A evolução do flex no Brasil decorre de uma série de fatores que auxiliaram a dinâmica da oferta de novos modelos de automóveis com essa tecnologia, o crescimento da produção de etanol no País e o incremento das estruturas logísticas, transporte, armazenamento e bombas nos postos de combustíveis.
O País passou por um crescimento vertiginoso de sua frota nos anos subsequentes ao lançamento do flex, o que possibilitou sua rápida renovação. Atualmente, de cada 100 veículos rodando nas ruas e rodovias do País, 84 são flex e podem ser abastecidos com etanol. Além disso, o crescimento da preocupação ambiental e o aumento dos preços do petróleo elevaram os preços da gasolina, dando ainda mais espaço para o combustível limpo e renovável.

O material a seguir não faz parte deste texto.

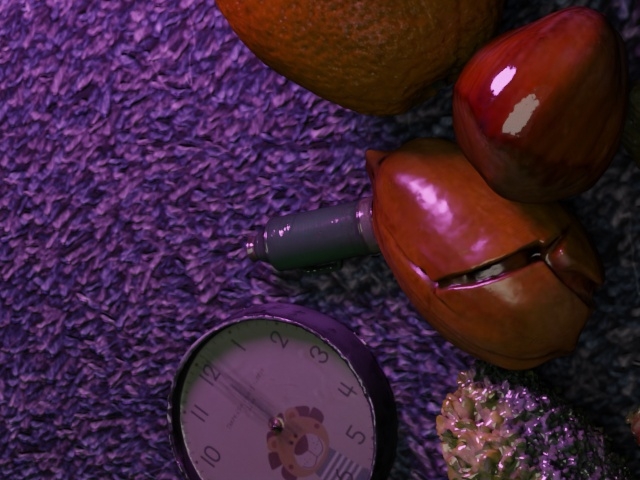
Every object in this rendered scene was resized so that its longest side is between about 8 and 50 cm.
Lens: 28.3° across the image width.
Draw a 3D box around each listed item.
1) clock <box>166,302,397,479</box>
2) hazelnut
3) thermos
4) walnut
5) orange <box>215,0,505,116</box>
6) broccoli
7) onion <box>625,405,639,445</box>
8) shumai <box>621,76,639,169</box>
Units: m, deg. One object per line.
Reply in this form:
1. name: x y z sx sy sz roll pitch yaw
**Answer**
1. clock: -0.054 0.235 1.627 0.312 0.061 0.313 3 99 23
2. hazelnut: 0.234 -0.135 1.304 0.210 0.210 0.186 -18 88 24
3. thermos: -0.001 -0.005 1.573 0.187 0.083 0.073 -11 71 26
4. walnut: 0.166 0.000 1.431 0.336 0.209 0.209 41 110 23
5. orange: 0.040 -0.314 1.387 0.322 0.322 0.357 -29 94 24
6. broccoli: 0.165 0.305 1.454 0.397 0.275 0.353 11 84 29
7. onion: 0.496 0.285 1.353 0.267 0.159 0.349 -55 51 23
8. shumai: 0.415 -0.127 1.333 0.184 0.184 0.142 41 76 14
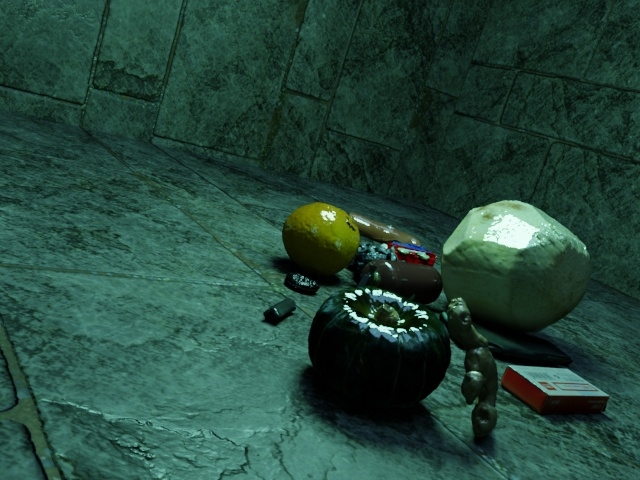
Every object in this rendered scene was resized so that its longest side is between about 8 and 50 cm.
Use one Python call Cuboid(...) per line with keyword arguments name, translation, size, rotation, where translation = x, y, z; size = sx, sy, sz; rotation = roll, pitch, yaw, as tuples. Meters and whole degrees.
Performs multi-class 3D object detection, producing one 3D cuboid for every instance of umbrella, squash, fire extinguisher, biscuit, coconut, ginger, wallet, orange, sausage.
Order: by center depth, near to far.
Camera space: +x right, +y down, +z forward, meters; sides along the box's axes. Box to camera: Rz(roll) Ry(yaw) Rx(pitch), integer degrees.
Cuboid(name="ginger", translation=(0.264, 0.222, 1.076), size=(0.065, 0.259, 0.149), rotation=(-11, 28, 18))
Cuboid(name="squash", translation=(0.100, 0.184, 1.113), size=(0.252, 0.165, 0.252), rotation=(15, 13, -4))
Cuboid(name="umbrella", translation=(-0.082, 0.148, 1.348), size=(0.036, 0.031, 0.133), rotation=(47, 16, 7))
Cuboid(name="biscuit", translation=(-0.047, 0.107, 1.589), size=(0.087, 0.027, 0.089), rotation=(13, 13, -20))
Cuboid(name="wallet", translation=(0.472, 0.259, 1.619), size=(0.317, 0.045, 0.172), rotation=(15, 9, -13))
Cuboid(name="fire extinguisher", translation=(0.196, 0.118, 1.677), size=(0.114, 0.136, 0.337), rotation=(22, 7, 37))
Cuboid(name="orange", translation=(0.000, -0.002, 1.742), size=(0.219, 0.193, 0.219), rotation=(10, -31, 6))
Cuboid(name="coconut", translation=(0.507, 0.061, 1.749), size=(0.415, 0.345, 0.415), rotation=(26, -8, 4))
Cuboid(name="sausage", translation=(0.252, -0.028, 2.522), size=(0.326, 0.079, 0.087), rotation=(23, 2, 18))

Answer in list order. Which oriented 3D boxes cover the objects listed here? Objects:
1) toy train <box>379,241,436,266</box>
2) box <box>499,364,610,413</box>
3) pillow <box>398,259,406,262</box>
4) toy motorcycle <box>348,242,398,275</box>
Cuboid(name="toy train", translation=(0.293, 0.058, 2.182), size=(0.203, 0.083, 0.131), rotation=(14, 13, -27))
Cuboid(name="box", translation=(0.509, 0.323, 1.371), size=(0.229, 0.050, 0.123), rotation=(10, 16, -34))
Cuboid(name="pillow", translation=(0.232, 0.091, 2.016), size=(0.135, 0.055, 0.091), rotation=(6, 48, -34))
Cuboid(name="toy motorcycle", translation=(0.166, 0.060, 1.853), size=(0.159, 0.106, 0.270), rotation=(4, -5, -6))
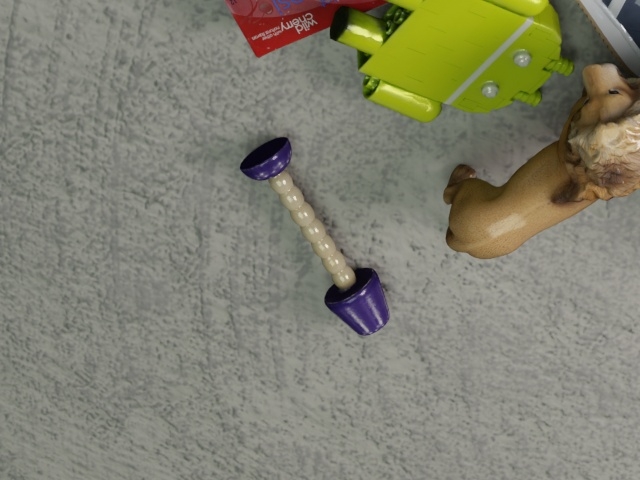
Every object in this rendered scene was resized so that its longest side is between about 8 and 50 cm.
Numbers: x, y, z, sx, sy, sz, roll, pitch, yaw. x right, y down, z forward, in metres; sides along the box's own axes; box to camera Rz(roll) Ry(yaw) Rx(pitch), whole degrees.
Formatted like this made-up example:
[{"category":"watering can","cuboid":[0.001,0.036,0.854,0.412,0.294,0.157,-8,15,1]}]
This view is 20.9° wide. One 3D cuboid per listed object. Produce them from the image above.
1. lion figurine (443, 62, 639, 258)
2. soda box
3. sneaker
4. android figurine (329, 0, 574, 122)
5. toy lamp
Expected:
[{"category":"lion figurine","cuboid":[0.253,-0.065,1.944,0.142,0.240,0.392,41,125,-5]},{"category":"soda box","cuboid":[0.025,-0.304,1.957,0.263,0.083,0.092,-19,117,24]},{"category":"sneaker","cuboid":[0.336,-0.313,1.867,0.153,0.099,0.282,-26,119,31]},{"category":"android figurine","cuboid":[0.156,-0.221,1.942,0.273,0.056,0.248,20,139,-26]},{"category":"toy lamp","cuboid":[0.000,0.000,2.161,0.080,0.080,0.275,-22,111,25]}]
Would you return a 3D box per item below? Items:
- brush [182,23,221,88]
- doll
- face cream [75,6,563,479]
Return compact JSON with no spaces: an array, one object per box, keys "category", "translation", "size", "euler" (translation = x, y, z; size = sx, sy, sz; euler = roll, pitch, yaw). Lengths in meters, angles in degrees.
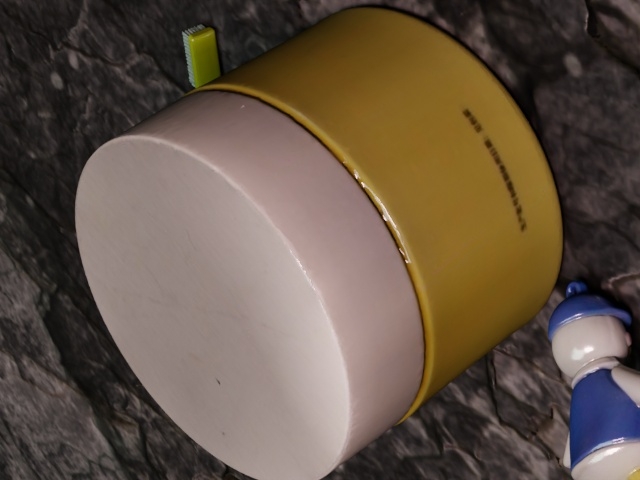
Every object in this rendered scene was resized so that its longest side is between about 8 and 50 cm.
[{"category":"brush","translation":[-0.072,-0.098,1.268],"size":[0.021,0.019,0.083],"euler":[29,138,49]},{"category":"doll","translation":[0.154,0.085,1.071],"size":[0.099,0.058,0.143],"euler":[125,139,-50]},{"category":"face cream","translation":[0.000,0.000,1.113],"size":[0.218,0.179,0.218],"euler":[32,139,32]}]

Contudo, a mudança mais estrutural que se viu foi uma série de políticas públicas focalizadas no etanol e na sua competitividade a partir da criação de um diferencial tributário, tanto em nível federal quanto estadual. Já em 2001, o Governo Federal lançou a CIDE-Combustíveis, incidindo sobre combustíveis fósseis. Em dezembro de 2003, o então governador de São Paulo e atual vice-presidente da república, Geraldo Alckmin, sancionou a lei que reduzia a alíquota ICMS do etanol hidratado de 25% para 12%, tornando-se o primeiro estado a adotar essa medida. A lei entrou em vigor em 2004 e foi seguida por outros estados nos anos seguintes.
Atualmente, 14 estados estabelecem diferenciais tributários de ICMS entre etanol hidratado e gasolina. A questão é tão crucial a esse mercado que, em 2022, o Congresso Nacional decidiu por colocar na Constituição Brasileira, no seu capítulo que trata de meio ambiente, a obrigatoriedade de apresentar um diferencial tributário entre etanol e gasolina no que tange aos impostos federais e estaduais. Com tributação menor e mais competitivo que a gasolina, o consumidor era incentivado, além de comprar um veículo flex, a também abastecer com o etanol hidratado.

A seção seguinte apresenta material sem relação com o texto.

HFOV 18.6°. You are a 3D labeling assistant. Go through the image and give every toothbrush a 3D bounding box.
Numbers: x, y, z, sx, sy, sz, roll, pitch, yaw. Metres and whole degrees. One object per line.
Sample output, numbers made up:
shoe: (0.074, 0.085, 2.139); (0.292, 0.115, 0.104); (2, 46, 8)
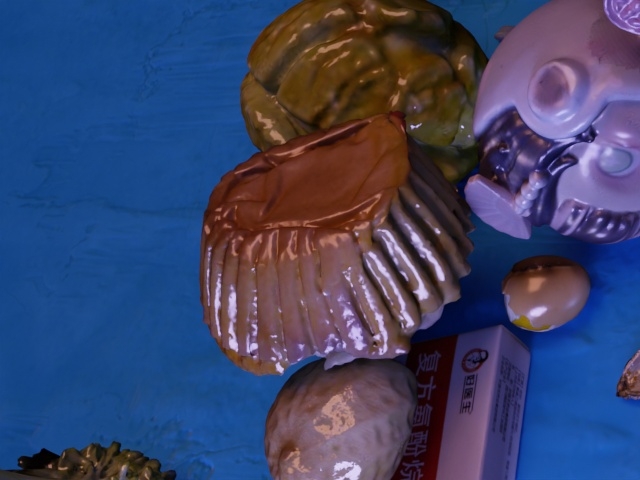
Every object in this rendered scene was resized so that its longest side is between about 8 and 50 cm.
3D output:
toothbrush: (0.256, -0.214, 2.037); (0.193, 0.013, 0.019); (7, 56, 47)

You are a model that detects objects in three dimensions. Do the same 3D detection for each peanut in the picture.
peanut: (0.016, 0.171, 1.778); (0.140, 0.109, 0.159); (-8, 49, 57)

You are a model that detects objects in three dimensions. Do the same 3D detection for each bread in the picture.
bread: (0.000, 0.000, 1.788); (0.274, 0.149, 0.274); (-20, 38, 17)

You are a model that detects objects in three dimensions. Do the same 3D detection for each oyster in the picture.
oyster: (0.295, 0.115, 1.731); (0.083, 0.019, 0.054); (-35, 42, 14)

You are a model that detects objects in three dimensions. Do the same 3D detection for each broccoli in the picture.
broccoli: (-0.284, 0.294, 1.954); (0.263, 0.243, 0.247); (-46, 41, 9)

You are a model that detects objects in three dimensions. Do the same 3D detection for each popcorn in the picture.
popcorn: (0.057, -0.153, 2.018); (0.225, 0.276, 0.276); (-60, 37, 12)

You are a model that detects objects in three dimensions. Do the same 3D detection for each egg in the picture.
egg: (0.212, 0.048, 1.824); (0.083, 0.071, 0.071); (-10, 52, 23)

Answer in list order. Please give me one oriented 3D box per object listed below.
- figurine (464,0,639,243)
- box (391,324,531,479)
figurine: (0.288, -0.159, 1.753); (0.211, 0.253, 0.361); (-103, 33, -44)
box: (0.071, 0.257, 1.794); (0.214, 0.069, 0.353); (-15, 52, 35)
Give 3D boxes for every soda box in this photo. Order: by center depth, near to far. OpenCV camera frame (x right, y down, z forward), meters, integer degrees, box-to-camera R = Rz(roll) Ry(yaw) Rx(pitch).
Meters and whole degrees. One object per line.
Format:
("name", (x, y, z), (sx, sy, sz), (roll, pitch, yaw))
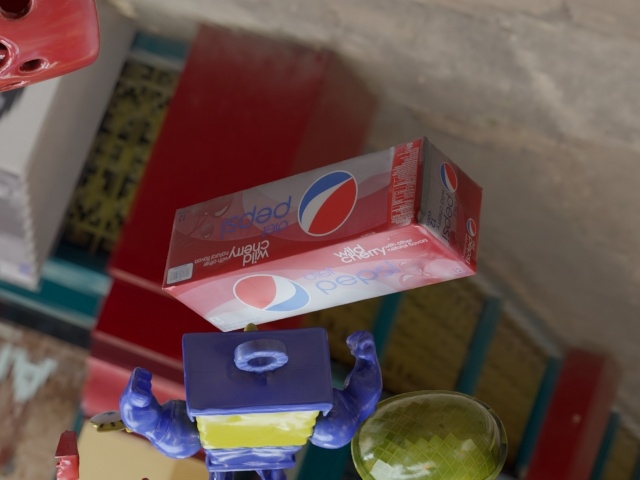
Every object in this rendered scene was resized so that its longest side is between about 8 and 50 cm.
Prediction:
("soda box", (0.000, 0.000, 1.429), (0.263, 0.083, 0.092), (-14, 143, 34))

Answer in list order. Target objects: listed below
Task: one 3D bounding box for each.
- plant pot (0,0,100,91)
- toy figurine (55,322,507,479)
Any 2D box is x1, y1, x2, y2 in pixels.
("plant pot", (-0.246, -0.175, 1.060), (0.174, 0.191, 0.191), (-18, 180, -13))
("toy figurine", (-0.019, 0.149, 1.283), (0.363, 0.191, 0.217), (-1, 144, -6))
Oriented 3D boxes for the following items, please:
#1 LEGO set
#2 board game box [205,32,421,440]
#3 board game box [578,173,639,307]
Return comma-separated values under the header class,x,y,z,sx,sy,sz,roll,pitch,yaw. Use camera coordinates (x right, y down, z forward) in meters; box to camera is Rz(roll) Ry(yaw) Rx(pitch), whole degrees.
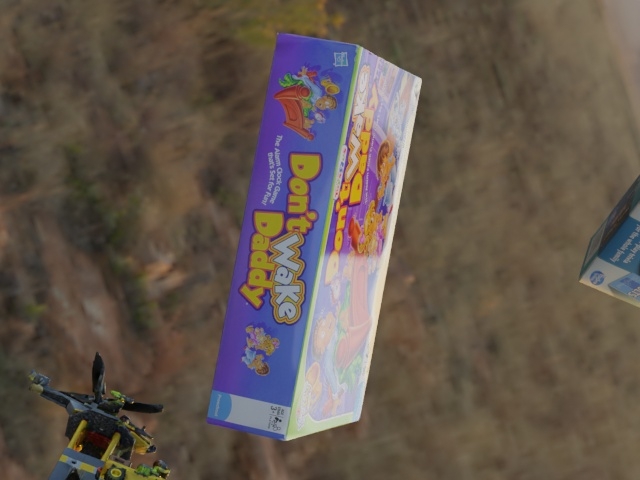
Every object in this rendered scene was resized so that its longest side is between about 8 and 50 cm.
class,x,y,z,sx,sy,sz,roll,pitch,yaw
LEGO set,-0.145,0.262,1.395,0.192,0.255,0.331,-67,169,-52
board game box,0.000,0.000,1.487,0.233,0.078,0.347,4,96,-73
board game box,0.530,0.032,2.027,0.254,0.336,0.079,114,0,-59

Os 20 anos do carro flex fuel chegam quando as atenções do mundo se voltam para as fontes alternativas de energia de baixa emissão, em que o etanol precisa ter um grande destaque. Além da forte tendência global de eletrificação no setor automobilístico.
O conjunto de agentes de mercado que compõem o ambiente do etanol no Brasil está atento a essa tendência e, em um movimento de antecipação, quer fazer da ameaça de mercado uma oportunidade para consolidar o papel socioambiental do biocombustível.
A eletrificação de veículos é associada aos carros movidos a bateria. Mas essa não é a única possibilidade, existem alternativas, como os modelos híbridos flex, já lançados no Brasil, e a célula a combustível. Nesse último, o etanol é fonte de hidrogênio que alimenta o sistema em forma de energia.
O Brasil é um mercado pioneiro na junção do etanol à eletrificação, em busca de soluções para reduzir o impacto ambiental. O carro híbrido e o movido a hidrogênio são possibilidades diferenciadas dentro do mercado brasileiro, já contam com apoio da indústria automobilística e de diferentes montadoras. Para um país que criou sua própria rota nos últimos 50 anos para driblar crises e incentivar ainda mais suas vocações internas, não nos parece difícil pensar que, no futuro da mobilidade sustentável, o etanol continuará tendo protagonismo, inclusive para além das fronteiras brasileiras.